Sales of almost 400,000 homes stalled due to lockdown, says Zoopla
UK website estimates £82bn worth of property transactions ‘in suspended animation’
Estate agent boards removed from properties in Wandsworth, south London, after the housing market went into lockdown. Photograph: Gill Allen/Rex/Shutterstock
Almost 400,000 home sales worth a total of £82bn have been put on hold as a result of the housing market lockdown, according to Zoopla.
The property website said that 373,000 sales had stalled since the end of March when ministers told people to delay their home moves if possible, and social distancing rules made valuations and viewings impossible.
The majority of these sales were agreed between November 2019 and February 2020, and would have been expected to complete between April and June.
Zoopla said the market was “in suspended animation” with those sales – which may still complete later in the year – along with others agreed based on viewings that took place before 26 March, being placed on pause.
Since that time, the website said demand from new buyers had fallen by 70%. As a result, it expected the number of sales over the course of the year to be just half of 2019’s figure.
This is a steeper fall than that forecast by the property firm Knight Frank, which has suggested completions will drop from 1.17m last year to just 734,000 this year.
Zoopla said the number of new sales agreed was running at about a 10th of the level achieved in early March, “with volumes similar to what you would expect to see in late December”, when the market is traditionally quieter.

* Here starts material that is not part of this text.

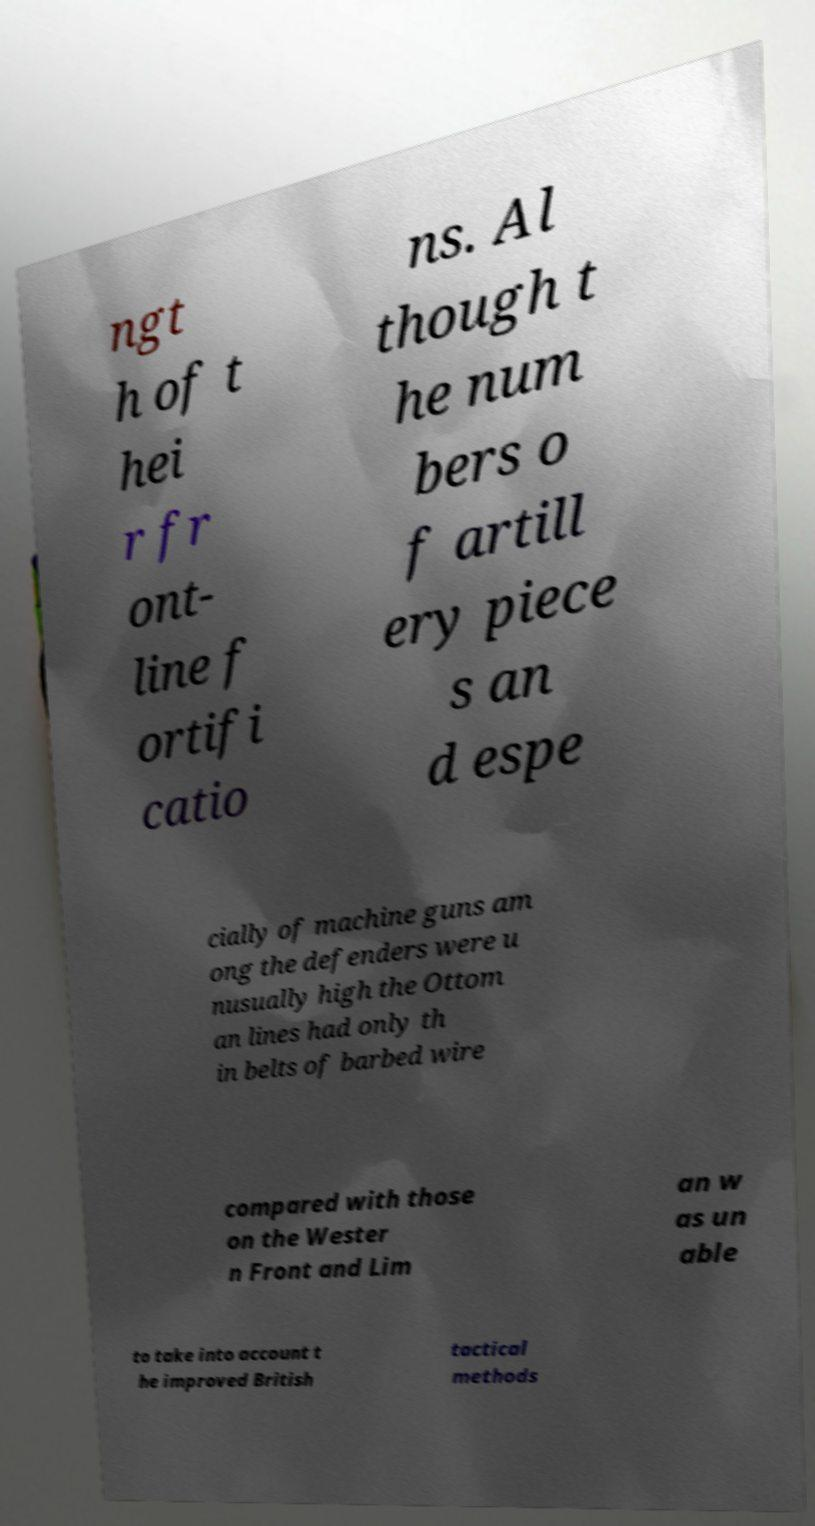I need the written content from this picture converted into text. Can you do that? ngt h of t hei r fr ont- line f ortifi catio ns. Al though t he num bers o f artill ery piece s an d espe cially of machine guns am ong the defenders were u nusually high the Ottom an lines had only th in belts of barbed wire compared with those on the Wester n Front and Lim an w as un able to take into account t he improved British tactical methods 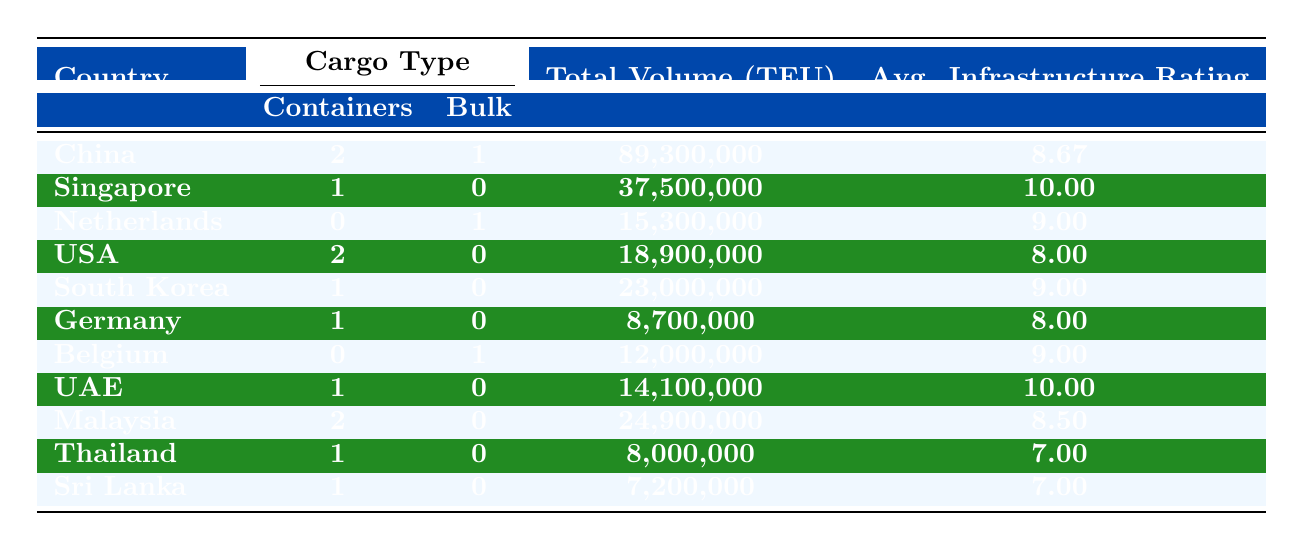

Those who are still making offers may be tempted by low mortgage rates and a lack of competition from other buyers.
Last week, Zoopla’s rival Rightmove said buyers were making offers based on virtual viewings of properties, and builders have reported sales being agreed despite marketing suites remaining closed.
The delay in completions means estate agents will have to wait longer for their commission. Zoopla estimated that commission payments on the 373,000 stalled sales added up to £1bn.
Despite the economic upheaval caused by the pandemic, there is little sign that people are being forced to pull out of purchases.
Zoopla said the rate of sales falling through had peaked on 23 March, but the outlook “depends upon how long the restrictions remain in place, the scale of the economic impact, and how this impacts would-be buyers and their ability to proceed with sales”.
Knight Frank said that four in five purchases were still going ahead and that newly agreed sales were not attracting big discounts. Before lockdown, agreed prices were on average 97% of asking price and that had since dropped to 93%.
Richard Donnell, the director of research at Zoopla, said: “Many households have spent more time at home in the last few weeks and some may feel the urge to move and find more space or consider the potential for remote working.
“This could boost activity in the second half of 2020, but this all depends upon how much the economy is impacted over the rest of the year and the impact on levels of unemployment.”
Donnell said it was too early to see what impact the crisis would have on prices. “Demand is rising but there is a long way to go until we see a return to typical levels of market activity.”